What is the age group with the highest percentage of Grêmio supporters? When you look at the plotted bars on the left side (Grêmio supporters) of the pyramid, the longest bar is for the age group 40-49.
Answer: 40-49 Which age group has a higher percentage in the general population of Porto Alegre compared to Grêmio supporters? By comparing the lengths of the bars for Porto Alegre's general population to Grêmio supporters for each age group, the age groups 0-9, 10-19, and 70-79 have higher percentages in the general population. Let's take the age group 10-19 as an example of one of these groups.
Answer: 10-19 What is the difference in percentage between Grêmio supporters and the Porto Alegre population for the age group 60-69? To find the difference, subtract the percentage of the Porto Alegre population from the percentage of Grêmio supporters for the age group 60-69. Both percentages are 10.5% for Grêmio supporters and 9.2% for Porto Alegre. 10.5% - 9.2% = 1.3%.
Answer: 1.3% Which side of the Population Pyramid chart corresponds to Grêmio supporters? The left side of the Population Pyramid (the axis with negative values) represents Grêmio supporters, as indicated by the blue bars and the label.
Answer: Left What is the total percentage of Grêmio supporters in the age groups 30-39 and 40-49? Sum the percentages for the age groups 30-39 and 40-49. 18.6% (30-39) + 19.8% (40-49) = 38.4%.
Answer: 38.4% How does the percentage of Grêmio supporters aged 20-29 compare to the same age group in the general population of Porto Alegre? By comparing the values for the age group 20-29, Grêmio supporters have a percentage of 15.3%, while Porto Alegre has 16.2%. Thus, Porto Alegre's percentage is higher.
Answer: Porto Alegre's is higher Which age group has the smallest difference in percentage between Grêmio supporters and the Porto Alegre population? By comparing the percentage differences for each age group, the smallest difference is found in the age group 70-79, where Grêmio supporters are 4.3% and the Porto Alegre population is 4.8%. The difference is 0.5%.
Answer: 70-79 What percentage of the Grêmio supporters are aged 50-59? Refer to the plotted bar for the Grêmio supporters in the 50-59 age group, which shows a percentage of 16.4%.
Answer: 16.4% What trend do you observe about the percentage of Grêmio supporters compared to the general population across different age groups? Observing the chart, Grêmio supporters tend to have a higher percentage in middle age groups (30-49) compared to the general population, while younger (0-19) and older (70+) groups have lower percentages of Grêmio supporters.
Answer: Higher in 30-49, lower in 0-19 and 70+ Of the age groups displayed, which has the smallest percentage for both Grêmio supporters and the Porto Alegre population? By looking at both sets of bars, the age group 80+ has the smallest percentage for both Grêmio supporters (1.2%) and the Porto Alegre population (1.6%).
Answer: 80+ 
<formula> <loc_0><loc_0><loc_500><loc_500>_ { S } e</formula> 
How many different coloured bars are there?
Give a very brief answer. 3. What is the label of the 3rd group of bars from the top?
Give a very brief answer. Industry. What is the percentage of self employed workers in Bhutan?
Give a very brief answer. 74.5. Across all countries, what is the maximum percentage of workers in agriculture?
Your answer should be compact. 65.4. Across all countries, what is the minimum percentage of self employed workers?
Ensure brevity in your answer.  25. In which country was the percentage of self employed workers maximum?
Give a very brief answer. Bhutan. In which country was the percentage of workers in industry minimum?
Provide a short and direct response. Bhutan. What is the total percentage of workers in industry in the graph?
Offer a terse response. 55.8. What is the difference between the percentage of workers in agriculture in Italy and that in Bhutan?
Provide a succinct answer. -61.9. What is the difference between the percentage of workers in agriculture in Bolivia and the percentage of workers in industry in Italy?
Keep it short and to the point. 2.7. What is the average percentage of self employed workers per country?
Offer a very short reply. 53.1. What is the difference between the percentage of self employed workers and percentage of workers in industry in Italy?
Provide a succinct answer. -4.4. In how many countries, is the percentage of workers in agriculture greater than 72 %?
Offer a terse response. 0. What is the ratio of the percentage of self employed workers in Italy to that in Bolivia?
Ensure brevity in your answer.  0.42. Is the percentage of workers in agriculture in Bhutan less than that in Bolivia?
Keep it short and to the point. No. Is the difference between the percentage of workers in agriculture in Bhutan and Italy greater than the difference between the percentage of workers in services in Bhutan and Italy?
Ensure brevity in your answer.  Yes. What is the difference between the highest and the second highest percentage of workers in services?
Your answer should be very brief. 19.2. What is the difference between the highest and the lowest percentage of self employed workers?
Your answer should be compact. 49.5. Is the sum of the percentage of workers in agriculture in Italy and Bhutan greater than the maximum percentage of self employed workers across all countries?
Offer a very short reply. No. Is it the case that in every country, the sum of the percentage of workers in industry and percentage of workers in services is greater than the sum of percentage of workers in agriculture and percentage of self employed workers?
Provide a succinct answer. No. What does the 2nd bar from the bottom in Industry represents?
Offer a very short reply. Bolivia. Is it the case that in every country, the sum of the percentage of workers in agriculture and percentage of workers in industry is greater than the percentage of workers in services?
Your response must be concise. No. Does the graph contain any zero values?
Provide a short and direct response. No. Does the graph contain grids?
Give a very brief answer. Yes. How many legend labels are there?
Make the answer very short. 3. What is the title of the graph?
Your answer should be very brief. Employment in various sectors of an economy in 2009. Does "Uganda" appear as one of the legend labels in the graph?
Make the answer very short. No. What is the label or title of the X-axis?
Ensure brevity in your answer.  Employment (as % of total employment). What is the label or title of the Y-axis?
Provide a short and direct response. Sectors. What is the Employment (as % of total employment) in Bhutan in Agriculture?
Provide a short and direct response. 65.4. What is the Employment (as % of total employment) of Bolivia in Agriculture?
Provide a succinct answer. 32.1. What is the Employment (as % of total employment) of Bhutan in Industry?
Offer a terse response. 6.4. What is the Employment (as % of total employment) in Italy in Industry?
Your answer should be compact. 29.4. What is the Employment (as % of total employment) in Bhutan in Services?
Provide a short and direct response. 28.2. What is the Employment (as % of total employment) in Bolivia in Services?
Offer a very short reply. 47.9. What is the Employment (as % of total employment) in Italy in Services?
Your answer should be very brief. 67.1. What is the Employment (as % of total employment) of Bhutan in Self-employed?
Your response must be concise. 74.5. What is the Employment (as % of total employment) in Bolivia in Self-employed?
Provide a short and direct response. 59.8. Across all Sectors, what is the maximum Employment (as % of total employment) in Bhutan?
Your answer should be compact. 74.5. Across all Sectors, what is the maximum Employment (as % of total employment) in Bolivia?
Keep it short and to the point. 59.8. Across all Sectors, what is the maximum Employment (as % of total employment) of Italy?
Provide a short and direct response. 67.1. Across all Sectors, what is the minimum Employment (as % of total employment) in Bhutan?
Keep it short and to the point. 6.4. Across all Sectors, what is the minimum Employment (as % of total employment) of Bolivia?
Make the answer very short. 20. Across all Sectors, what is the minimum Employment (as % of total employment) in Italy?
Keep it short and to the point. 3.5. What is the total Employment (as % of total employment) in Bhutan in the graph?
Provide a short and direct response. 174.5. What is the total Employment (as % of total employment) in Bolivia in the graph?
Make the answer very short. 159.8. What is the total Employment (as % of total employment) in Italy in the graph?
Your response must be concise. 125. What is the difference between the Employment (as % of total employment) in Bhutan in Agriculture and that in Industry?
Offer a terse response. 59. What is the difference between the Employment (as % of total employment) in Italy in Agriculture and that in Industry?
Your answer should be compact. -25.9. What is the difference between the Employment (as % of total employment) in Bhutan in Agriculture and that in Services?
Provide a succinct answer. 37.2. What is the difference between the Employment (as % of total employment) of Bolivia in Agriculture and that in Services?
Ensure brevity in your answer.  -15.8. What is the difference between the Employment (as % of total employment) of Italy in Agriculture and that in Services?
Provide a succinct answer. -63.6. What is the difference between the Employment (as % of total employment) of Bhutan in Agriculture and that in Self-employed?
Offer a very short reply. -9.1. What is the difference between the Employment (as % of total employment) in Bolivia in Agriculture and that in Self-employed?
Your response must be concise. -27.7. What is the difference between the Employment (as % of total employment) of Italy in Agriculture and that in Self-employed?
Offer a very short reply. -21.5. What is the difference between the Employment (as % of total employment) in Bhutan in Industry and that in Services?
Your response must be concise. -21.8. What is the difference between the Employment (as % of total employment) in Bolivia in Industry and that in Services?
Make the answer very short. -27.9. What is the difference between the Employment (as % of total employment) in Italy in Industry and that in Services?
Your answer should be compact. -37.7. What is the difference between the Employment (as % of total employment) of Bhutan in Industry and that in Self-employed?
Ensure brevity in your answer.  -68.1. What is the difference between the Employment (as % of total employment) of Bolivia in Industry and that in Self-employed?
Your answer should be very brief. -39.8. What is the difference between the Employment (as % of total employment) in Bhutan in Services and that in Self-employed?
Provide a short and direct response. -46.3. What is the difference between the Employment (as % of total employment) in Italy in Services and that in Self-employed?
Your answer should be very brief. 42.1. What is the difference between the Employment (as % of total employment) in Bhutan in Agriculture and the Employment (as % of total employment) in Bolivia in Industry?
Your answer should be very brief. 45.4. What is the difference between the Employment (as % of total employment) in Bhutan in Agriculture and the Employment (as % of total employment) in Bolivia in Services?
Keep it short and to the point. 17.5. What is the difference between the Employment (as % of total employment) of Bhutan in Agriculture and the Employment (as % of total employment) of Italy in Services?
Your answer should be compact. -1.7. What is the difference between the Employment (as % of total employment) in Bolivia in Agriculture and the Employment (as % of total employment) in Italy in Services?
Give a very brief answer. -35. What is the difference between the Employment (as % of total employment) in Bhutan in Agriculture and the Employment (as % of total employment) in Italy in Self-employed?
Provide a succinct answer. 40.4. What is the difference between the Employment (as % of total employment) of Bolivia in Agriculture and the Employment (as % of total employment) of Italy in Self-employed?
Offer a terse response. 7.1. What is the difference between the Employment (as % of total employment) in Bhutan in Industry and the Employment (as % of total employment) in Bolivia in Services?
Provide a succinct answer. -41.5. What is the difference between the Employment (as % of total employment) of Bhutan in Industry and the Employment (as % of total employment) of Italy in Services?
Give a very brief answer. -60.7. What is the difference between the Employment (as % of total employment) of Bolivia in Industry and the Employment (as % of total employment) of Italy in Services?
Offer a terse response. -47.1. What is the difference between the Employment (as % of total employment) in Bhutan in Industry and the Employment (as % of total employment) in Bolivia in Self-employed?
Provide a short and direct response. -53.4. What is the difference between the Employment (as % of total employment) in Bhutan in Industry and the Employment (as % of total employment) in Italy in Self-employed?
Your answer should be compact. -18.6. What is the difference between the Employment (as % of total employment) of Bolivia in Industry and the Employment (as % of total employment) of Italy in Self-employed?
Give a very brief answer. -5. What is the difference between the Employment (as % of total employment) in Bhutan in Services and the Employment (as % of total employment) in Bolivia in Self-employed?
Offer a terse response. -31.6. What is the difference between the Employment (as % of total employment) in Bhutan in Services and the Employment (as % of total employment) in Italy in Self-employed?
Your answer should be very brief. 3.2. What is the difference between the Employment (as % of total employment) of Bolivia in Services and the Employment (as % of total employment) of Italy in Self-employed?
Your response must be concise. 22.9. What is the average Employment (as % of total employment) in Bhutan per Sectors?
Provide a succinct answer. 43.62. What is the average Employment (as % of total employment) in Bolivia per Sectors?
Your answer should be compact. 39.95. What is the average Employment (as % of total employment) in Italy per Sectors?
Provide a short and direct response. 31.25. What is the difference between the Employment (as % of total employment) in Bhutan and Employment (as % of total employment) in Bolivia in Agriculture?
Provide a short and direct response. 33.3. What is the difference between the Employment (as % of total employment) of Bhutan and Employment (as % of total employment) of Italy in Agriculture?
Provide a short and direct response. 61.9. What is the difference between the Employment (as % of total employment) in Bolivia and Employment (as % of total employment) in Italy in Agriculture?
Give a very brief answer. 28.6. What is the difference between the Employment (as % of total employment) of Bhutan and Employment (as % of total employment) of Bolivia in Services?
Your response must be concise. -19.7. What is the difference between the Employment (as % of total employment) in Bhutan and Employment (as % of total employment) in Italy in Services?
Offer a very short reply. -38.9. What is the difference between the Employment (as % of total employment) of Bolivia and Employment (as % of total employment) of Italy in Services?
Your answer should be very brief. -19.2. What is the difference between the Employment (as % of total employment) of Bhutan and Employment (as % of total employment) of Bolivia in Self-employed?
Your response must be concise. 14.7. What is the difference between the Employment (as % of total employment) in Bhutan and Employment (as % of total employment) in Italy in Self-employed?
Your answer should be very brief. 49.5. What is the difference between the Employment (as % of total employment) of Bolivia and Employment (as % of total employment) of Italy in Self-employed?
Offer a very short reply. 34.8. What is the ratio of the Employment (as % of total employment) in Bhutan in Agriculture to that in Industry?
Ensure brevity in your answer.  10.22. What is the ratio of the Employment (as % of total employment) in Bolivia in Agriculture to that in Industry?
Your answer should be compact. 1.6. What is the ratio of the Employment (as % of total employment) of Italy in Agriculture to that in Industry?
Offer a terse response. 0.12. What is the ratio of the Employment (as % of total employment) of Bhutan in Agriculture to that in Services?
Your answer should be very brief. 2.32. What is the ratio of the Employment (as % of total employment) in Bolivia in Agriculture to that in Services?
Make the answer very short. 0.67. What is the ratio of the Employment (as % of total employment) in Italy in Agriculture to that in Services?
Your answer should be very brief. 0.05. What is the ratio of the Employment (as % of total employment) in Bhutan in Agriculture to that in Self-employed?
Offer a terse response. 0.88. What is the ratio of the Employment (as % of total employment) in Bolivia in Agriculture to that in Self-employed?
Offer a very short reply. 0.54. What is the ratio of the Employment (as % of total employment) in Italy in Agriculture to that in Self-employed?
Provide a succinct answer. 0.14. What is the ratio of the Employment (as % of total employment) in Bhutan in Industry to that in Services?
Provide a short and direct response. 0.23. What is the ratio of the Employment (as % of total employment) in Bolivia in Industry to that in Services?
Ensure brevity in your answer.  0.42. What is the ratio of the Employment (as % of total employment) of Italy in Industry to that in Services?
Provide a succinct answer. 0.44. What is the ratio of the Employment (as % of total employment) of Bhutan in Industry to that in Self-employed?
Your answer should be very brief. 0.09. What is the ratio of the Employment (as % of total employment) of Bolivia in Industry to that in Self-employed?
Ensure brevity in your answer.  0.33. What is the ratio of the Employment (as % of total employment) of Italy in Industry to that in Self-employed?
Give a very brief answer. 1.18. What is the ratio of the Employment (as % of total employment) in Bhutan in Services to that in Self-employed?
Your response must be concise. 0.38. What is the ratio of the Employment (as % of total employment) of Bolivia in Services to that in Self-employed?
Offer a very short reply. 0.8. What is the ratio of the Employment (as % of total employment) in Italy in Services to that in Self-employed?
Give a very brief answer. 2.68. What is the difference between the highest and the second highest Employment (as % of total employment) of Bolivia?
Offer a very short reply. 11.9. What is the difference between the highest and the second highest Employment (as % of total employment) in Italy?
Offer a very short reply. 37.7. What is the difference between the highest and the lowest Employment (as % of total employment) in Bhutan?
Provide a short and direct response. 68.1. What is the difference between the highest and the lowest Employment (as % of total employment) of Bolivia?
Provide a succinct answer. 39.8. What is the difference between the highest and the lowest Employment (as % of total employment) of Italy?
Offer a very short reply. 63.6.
_ _ _ _
WHAT YOU ARE ASKED TO DO:
From the listing above, repeat exactly the lines starting at the line that includes "Your answer should be very brief. 19.2." and ending at the line that includes "Provide a short and direct response. 65.4.", with nothing outside that span.

RESPONSE TO THIS TASK:
Your answer should be very brief. 19.2. What is the difference between the highest and the lowest percentage of self employed workers?
Your answer should be compact. 49.5. Is the sum of the percentage of workers in agriculture in Italy and Bhutan greater than the maximum percentage of self employed workers across all countries?
Offer a very short reply. No. Is it the case that in every country, the sum of the percentage of workers in industry and percentage of workers in services is greater than the sum of percentage of workers in agriculture and percentage of self employed workers?
Provide a succinct answer. No. What does the 2nd bar from the bottom in Industry represents?
Offer a very short reply. Bolivia. Is it the case that in every country, the sum of the percentage of workers in agriculture and percentage of workers in industry is greater than the percentage of workers in services?
Your response must be concise. No. Does the graph contain any zero values?
Provide a short and direct response. No. Does the graph contain grids?
Give a very brief answer. Yes. How many legend labels are there?
Make the answer very short. 3. What is the title of the graph?
Your answer should be very brief. Employment in various sectors of an economy in 2009. Does "Uganda" appear as one of the legend labels in the graph?
Make the answer very short. No. What is the label or title of the X-axis?
Ensure brevity in your answer.  Employment (as % of total employment). What is the label or title of the Y-axis?
Provide a short and direct response. Sectors. What is the Employment (as % of total employment) in Bhutan in Agriculture?
Provide a short and direct response. 65.4. What is the Employment (as % of total employment) of Bolivia in Agriculture?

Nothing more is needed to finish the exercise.